Alexander Ostroumov Bryner (born July 26, 1943) is a Chinese-born Russian American retired lawyer and jurist. Bryner was a justice of the Supreme Court of Alaska from February 1997 to October 2007.

Born in Tianjin, China, in 1943 to Russian immigrant parents, Bryner was raised in Menlo Park, California. He received his J.D. from Stanford University in 1969, thereafter moving to Alaska and serving as a law clerk for Alaska Supreme Court Chief Justice George Boney.
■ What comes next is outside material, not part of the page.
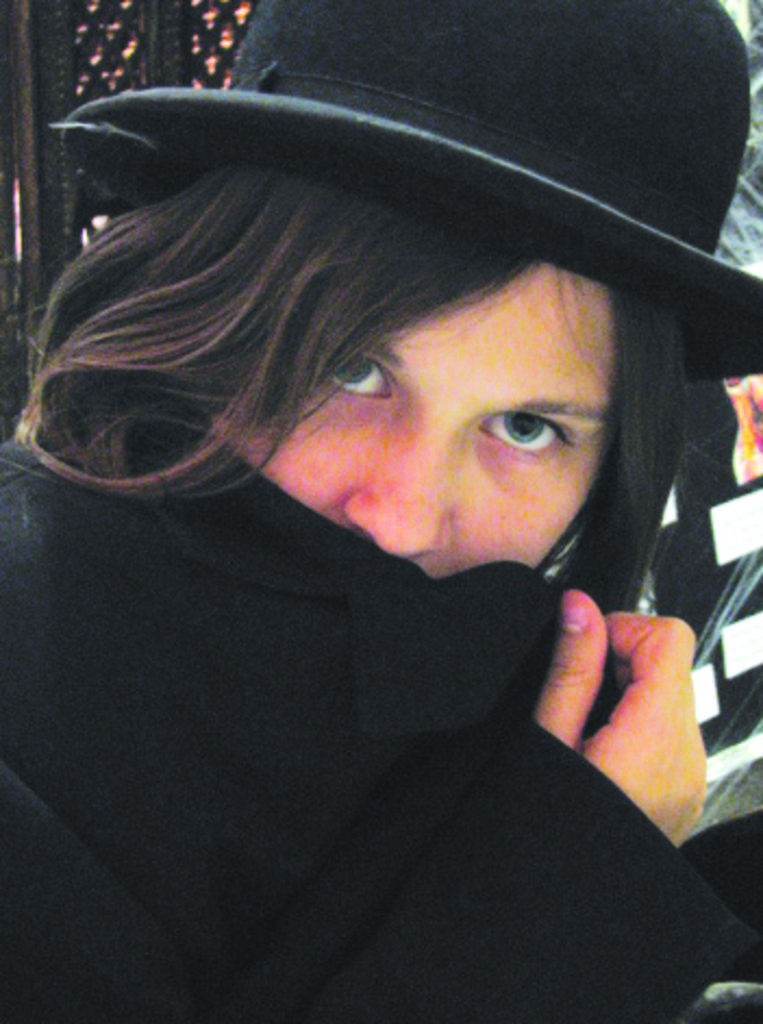Please provide a concise description of this image. In the image we can see a person. Behind the person we can see a banner.

He returned to Alaska to settle permanently in Anchorage in 1972. Bryner served as the U.S. attorney for Alaska from 1977 to 1980, when he was appointed to the newly created Alaska Court of Appeals. He served as that court's chief judge until he was appointed to the Supreme Court, replacing that court's longest-serving justice, Jay Rabinowitz. Bryner retired in 2007.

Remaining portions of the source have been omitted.